— INSTRUCTIONS TO FOLLOW —
Reproduce the section of the listing that begins at the line containing "Make the answer very short. -0.5." and finishes at the line containing "Provide a succinct answer. -3.69.". Include both end lines and nothing beyond them.

— STUDY MATERIAL —
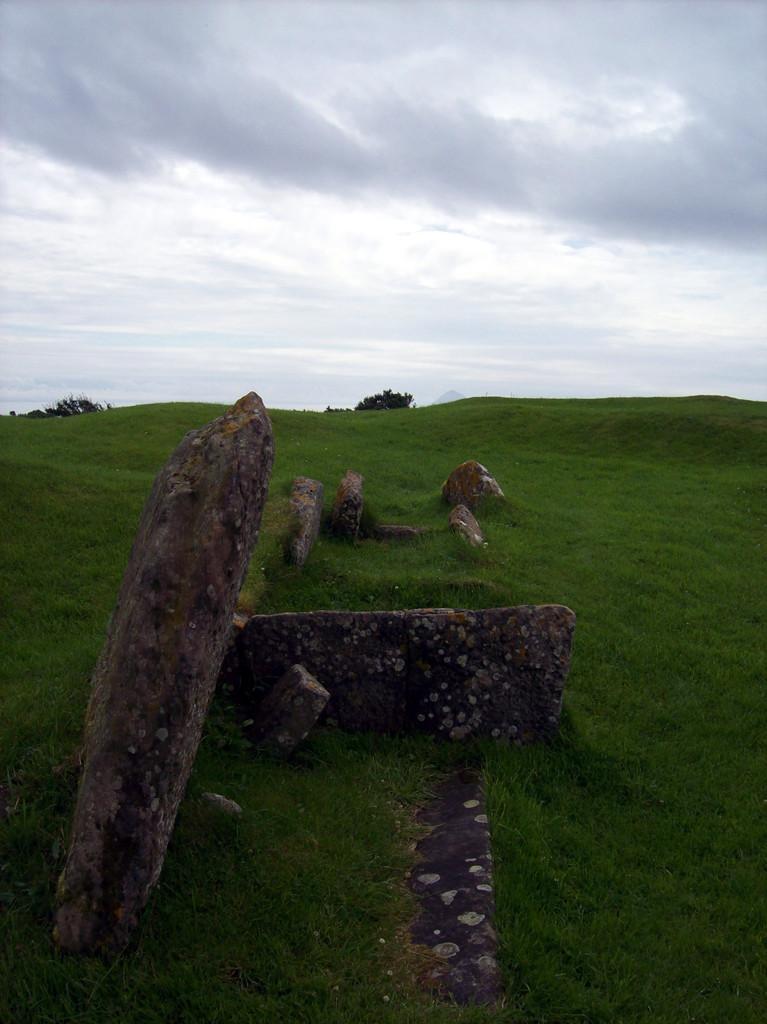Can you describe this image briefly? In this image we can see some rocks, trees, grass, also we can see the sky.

...

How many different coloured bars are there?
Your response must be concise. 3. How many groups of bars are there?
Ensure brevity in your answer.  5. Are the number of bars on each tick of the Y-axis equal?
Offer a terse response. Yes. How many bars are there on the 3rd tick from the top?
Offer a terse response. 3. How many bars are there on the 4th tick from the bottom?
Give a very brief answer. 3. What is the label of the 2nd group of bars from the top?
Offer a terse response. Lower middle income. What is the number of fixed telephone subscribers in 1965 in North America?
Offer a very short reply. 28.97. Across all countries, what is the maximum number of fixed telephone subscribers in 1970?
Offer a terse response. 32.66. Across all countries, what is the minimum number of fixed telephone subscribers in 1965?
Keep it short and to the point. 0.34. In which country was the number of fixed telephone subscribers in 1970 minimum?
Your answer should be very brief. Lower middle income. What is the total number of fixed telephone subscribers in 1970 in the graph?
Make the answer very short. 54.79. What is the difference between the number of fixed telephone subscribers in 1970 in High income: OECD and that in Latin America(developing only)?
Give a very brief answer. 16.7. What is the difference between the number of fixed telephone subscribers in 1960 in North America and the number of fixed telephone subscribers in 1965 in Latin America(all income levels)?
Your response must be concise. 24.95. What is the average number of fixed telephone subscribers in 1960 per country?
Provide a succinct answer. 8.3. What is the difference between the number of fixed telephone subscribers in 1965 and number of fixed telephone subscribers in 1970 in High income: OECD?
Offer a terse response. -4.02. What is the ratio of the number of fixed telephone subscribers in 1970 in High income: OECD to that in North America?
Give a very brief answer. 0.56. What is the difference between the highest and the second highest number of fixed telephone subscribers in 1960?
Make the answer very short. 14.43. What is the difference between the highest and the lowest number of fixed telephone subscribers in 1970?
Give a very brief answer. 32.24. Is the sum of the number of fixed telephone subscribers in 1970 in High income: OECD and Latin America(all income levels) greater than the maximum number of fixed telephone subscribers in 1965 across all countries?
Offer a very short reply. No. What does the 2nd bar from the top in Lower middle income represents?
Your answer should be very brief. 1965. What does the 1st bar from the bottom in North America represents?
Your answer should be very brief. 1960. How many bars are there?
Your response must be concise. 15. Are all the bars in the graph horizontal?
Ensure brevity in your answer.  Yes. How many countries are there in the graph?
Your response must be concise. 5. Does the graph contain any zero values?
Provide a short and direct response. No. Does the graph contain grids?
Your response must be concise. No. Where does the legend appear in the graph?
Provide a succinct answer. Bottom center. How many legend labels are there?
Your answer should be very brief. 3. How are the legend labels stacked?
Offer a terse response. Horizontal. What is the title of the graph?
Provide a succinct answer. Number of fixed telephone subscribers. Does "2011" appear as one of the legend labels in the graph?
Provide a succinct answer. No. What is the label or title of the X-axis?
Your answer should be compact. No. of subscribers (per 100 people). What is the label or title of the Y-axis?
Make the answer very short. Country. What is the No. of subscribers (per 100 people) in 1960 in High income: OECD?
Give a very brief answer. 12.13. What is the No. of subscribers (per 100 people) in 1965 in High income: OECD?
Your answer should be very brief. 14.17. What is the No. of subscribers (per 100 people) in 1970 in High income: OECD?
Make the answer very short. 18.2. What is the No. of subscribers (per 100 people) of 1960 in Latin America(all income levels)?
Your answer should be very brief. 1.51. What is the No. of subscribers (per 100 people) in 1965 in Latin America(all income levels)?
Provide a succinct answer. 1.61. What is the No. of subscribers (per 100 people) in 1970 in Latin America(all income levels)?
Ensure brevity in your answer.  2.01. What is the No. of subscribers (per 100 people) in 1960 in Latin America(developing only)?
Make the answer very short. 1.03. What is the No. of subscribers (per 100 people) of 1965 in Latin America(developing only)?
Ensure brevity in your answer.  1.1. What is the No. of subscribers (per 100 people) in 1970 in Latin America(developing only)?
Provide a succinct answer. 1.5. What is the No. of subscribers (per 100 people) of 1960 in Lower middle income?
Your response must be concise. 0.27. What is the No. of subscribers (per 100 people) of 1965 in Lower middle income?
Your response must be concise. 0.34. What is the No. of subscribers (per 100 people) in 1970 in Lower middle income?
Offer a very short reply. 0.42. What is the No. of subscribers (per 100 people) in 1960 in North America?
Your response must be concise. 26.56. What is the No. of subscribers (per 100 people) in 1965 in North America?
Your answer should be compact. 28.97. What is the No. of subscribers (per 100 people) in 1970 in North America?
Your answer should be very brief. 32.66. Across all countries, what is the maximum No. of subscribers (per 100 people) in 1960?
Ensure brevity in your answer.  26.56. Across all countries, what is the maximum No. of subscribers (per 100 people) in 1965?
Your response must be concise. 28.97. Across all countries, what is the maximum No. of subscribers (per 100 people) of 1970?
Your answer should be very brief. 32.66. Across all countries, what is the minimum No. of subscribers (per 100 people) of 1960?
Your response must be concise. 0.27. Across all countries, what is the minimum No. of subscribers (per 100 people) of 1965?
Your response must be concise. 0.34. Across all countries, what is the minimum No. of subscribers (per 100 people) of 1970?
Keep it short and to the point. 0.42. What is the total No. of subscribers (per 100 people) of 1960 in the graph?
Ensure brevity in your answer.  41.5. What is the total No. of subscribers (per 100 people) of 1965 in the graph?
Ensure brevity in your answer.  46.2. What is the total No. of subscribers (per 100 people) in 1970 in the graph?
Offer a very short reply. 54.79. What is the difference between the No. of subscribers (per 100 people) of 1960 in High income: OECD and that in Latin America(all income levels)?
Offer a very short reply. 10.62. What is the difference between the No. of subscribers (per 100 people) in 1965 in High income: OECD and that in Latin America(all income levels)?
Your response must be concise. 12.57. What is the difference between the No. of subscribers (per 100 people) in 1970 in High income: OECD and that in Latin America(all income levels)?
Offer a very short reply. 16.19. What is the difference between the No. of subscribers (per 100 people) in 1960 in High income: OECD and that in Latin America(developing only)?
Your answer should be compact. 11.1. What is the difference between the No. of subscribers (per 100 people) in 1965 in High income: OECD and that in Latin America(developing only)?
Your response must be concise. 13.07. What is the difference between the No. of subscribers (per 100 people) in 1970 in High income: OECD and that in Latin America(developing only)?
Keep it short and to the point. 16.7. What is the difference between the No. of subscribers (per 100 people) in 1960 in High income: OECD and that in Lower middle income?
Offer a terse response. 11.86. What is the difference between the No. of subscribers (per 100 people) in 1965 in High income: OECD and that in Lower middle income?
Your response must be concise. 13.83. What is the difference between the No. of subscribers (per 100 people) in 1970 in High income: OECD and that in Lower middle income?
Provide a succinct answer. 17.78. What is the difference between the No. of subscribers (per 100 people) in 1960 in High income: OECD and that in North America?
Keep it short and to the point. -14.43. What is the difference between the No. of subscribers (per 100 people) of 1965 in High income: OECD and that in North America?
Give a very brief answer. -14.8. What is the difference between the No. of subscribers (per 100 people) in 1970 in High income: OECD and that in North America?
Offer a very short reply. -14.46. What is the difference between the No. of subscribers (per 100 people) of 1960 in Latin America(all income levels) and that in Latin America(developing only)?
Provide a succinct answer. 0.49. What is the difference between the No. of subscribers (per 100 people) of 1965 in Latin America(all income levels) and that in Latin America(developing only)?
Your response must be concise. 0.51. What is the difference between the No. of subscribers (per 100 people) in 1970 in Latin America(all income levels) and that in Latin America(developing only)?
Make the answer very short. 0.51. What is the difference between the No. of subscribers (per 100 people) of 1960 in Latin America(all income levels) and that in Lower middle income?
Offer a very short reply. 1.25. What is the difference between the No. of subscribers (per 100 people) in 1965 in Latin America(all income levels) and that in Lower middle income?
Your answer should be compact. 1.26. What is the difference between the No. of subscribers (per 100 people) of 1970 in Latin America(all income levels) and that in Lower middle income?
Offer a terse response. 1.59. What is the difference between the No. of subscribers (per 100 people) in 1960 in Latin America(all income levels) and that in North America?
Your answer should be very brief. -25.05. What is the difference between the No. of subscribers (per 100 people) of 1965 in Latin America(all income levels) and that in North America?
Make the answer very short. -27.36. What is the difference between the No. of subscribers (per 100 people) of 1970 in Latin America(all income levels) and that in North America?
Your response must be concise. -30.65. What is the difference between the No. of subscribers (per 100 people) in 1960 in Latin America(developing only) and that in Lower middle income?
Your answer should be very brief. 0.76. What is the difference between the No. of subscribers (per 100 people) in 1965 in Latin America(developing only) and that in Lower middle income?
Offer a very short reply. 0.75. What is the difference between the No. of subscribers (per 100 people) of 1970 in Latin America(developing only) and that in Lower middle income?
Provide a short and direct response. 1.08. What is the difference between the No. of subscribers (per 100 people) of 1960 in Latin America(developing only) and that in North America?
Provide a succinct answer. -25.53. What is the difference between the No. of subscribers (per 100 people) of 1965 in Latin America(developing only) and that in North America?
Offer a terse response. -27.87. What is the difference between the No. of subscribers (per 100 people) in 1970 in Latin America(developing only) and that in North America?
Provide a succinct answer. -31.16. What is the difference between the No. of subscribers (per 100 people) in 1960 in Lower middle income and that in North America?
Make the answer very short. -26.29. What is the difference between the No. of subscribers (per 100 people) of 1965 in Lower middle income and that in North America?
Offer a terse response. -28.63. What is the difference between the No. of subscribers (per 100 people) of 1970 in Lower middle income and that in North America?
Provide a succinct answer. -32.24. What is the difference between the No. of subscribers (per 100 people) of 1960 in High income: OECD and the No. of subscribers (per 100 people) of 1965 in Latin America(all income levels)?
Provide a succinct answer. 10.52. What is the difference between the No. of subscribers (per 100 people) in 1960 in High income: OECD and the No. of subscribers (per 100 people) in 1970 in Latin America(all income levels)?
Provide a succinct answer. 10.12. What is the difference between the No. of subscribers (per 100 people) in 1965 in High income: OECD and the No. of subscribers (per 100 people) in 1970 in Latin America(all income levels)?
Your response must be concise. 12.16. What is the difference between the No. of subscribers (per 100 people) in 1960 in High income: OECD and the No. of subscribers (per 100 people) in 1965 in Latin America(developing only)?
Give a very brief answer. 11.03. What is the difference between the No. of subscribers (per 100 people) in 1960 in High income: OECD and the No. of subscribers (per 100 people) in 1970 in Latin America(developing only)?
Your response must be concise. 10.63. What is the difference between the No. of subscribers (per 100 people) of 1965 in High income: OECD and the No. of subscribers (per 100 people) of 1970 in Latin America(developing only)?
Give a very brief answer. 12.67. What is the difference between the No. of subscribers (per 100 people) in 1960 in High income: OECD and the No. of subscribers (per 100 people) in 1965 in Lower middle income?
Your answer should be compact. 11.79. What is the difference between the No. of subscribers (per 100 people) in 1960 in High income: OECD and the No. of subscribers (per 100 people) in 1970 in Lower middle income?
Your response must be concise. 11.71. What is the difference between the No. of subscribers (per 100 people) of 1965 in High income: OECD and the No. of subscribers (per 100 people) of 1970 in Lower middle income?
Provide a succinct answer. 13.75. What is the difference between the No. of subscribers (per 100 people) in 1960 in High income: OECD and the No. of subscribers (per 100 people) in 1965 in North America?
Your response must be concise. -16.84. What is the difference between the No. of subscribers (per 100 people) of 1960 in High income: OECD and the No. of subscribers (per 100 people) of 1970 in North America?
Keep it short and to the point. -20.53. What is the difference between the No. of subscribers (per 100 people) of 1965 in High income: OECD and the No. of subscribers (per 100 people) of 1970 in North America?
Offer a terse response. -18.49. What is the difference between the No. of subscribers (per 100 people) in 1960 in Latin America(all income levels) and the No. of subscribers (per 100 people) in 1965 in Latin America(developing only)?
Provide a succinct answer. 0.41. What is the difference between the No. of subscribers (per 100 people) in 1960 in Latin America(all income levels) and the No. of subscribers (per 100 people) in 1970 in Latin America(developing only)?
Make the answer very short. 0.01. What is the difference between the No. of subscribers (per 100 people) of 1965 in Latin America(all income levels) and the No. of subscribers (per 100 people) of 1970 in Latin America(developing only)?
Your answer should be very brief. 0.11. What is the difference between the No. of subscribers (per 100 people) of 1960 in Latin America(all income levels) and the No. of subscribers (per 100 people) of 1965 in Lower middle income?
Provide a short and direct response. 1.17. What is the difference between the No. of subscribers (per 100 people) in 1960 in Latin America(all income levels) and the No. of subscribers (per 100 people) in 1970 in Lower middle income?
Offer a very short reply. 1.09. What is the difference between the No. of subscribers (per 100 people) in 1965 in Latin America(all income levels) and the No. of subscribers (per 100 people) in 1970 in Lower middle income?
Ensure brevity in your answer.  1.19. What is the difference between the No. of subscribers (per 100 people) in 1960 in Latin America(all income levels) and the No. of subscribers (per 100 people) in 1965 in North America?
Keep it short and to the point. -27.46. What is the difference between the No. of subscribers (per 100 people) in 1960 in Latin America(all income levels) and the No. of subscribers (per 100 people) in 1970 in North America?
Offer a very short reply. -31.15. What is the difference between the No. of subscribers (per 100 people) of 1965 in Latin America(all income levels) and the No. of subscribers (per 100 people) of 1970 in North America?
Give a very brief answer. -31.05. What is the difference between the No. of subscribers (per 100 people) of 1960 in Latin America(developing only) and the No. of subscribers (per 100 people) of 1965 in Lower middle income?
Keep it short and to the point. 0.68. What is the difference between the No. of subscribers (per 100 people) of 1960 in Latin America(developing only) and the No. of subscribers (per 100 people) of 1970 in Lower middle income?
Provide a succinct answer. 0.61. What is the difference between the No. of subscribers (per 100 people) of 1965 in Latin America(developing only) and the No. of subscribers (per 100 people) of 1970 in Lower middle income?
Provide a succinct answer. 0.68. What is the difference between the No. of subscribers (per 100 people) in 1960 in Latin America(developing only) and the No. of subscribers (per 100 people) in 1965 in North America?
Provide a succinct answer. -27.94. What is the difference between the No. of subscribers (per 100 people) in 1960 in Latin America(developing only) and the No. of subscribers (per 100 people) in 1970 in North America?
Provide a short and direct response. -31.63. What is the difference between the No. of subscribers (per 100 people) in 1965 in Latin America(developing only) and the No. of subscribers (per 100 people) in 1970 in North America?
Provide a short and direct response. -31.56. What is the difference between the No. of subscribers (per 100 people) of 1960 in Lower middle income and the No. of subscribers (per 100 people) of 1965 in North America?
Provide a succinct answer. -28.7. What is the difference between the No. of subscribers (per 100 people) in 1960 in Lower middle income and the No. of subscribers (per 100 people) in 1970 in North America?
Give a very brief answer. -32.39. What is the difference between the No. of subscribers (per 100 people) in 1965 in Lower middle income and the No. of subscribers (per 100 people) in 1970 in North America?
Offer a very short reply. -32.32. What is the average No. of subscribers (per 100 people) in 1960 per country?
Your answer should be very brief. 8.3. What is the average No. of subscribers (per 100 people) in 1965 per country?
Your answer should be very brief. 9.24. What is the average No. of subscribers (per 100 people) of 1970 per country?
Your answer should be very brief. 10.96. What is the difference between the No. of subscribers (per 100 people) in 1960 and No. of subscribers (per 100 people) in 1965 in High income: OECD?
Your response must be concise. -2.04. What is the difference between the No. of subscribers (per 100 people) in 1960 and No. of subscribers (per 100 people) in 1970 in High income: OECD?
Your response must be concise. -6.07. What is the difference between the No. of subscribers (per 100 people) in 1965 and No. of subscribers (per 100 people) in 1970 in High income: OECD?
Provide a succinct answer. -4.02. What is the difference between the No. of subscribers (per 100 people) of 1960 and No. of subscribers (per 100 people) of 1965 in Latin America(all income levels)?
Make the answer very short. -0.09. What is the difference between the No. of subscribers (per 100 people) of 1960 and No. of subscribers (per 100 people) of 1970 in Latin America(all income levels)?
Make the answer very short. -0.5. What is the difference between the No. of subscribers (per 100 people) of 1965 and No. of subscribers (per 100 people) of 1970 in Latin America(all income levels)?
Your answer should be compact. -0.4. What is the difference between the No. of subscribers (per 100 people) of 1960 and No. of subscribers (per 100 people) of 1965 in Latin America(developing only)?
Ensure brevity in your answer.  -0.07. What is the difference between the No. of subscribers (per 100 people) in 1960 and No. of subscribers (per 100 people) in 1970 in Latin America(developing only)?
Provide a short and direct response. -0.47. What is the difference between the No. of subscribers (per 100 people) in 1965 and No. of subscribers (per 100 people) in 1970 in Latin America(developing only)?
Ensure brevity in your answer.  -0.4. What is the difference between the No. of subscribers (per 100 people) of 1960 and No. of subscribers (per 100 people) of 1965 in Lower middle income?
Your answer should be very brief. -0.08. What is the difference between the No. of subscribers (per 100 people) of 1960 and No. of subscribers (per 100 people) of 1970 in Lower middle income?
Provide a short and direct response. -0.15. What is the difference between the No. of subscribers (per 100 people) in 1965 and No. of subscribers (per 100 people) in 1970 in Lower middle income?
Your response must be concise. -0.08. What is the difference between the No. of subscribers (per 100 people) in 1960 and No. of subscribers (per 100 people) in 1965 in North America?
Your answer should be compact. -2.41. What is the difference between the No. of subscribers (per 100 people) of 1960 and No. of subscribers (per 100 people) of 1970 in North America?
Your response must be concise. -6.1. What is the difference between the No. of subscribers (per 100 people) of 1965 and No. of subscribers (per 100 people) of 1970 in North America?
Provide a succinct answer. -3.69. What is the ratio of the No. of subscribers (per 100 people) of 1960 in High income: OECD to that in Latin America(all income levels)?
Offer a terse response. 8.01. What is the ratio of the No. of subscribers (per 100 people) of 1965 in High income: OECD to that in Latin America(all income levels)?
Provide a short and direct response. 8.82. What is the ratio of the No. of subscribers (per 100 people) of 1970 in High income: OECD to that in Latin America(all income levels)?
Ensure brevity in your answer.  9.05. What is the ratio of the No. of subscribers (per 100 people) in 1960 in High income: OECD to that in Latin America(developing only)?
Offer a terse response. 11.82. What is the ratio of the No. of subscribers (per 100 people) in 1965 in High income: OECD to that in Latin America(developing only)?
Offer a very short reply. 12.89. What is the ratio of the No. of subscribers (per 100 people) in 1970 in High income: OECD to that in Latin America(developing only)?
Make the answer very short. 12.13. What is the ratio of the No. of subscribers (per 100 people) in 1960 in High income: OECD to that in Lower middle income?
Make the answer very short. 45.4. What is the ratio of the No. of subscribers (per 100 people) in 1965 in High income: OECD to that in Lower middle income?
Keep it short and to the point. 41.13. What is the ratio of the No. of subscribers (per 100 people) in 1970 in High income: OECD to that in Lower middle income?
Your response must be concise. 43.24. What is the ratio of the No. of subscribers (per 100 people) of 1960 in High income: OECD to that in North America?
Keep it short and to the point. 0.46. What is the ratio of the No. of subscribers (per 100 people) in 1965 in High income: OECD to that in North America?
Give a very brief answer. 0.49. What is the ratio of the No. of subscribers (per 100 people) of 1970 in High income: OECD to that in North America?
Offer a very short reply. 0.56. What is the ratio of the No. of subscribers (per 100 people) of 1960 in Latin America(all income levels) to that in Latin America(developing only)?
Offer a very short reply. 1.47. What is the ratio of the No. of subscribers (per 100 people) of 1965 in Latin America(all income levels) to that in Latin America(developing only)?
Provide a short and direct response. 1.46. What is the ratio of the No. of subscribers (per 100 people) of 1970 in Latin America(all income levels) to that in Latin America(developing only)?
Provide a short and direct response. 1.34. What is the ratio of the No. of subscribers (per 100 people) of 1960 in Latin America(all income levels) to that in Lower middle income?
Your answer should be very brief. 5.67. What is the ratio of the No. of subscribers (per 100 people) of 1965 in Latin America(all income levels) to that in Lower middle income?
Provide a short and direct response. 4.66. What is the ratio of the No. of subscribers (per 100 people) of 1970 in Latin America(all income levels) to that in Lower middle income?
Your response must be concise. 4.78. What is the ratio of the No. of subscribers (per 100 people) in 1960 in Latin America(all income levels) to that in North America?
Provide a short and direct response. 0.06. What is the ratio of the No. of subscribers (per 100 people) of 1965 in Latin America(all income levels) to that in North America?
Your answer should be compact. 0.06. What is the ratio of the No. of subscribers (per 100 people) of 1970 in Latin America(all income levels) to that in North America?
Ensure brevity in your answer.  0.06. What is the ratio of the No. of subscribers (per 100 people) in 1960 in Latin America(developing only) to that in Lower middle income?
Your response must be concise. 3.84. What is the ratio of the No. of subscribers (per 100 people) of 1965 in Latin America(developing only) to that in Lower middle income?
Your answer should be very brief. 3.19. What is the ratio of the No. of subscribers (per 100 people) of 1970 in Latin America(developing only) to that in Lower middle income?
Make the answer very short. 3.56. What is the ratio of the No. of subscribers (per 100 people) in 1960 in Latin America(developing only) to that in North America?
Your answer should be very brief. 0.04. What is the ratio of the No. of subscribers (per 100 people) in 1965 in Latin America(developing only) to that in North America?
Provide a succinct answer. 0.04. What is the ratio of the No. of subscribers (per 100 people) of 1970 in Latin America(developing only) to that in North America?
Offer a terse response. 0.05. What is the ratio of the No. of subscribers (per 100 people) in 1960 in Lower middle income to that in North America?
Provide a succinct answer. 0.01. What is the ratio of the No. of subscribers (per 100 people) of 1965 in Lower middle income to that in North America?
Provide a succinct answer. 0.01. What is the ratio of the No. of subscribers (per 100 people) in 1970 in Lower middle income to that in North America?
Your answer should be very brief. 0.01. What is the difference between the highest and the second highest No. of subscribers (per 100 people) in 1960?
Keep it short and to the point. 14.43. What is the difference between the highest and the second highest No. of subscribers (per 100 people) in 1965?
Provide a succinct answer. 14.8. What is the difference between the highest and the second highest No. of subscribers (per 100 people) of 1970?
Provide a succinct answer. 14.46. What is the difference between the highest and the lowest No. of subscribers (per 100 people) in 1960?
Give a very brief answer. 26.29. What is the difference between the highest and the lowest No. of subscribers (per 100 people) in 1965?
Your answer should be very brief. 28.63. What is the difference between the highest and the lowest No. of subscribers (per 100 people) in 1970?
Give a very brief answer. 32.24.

— TASK RESULT —
Make the answer very short. -0.5. What is the difference between the No. of subscribers (per 100 people) of 1965 and No. of subscribers (per 100 people) of 1970 in Latin America(all income levels)?
Your answer should be compact. -0.4. What is the difference between the No. of subscribers (per 100 people) of 1960 and No. of subscribers (per 100 people) of 1965 in Latin America(developing only)?
Ensure brevity in your answer.  -0.07. What is the difference between the No. of subscribers (per 100 people) in 1960 and No. of subscribers (per 100 people) in 1970 in Latin America(developing only)?
Provide a short and direct response. -0.47. What is the difference between the No. of subscribers (per 100 people) in 1965 and No. of subscribers (per 100 people) in 1970 in Latin America(developing only)?
Ensure brevity in your answer.  -0.4. What is the difference between the No. of subscribers (per 100 people) of 1960 and No. of subscribers (per 100 people) of 1965 in Lower middle income?
Your answer should be very brief. -0.08. What is the difference between the No. of subscribers (per 100 people) of 1960 and No. of subscribers (per 100 people) of 1970 in Lower middle income?
Provide a short and direct response. -0.15. What is the difference between the No. of subscribers (per 100 people) in 1965 and No. of subscribers (per 100 people) in 1970 in Lower middle income?
Your response must be concise. -0.08. What is the difference between the No. of subscribers (per 100 people) in 1960 and No. of subscribers (per 100 people) in 1965 in North America?
Your answer should be compact. -2.41. What is the difference between the No. of subscribers (per 100 people) of 1960 and No. of subscribers (per 100 people) of 1970 in North America?
Your response must be concise. -6.1. What is the difference between the No. of subscribers (per 100 people) of 1965 and No. of subscribers (per 100 people) of 1970 in North America?
Provide a succinct answer. -3.69. What is the ratio of the No. of subscribers (per 100 people) of 1960 in High income: OECD to that in Latin America(all income levels)?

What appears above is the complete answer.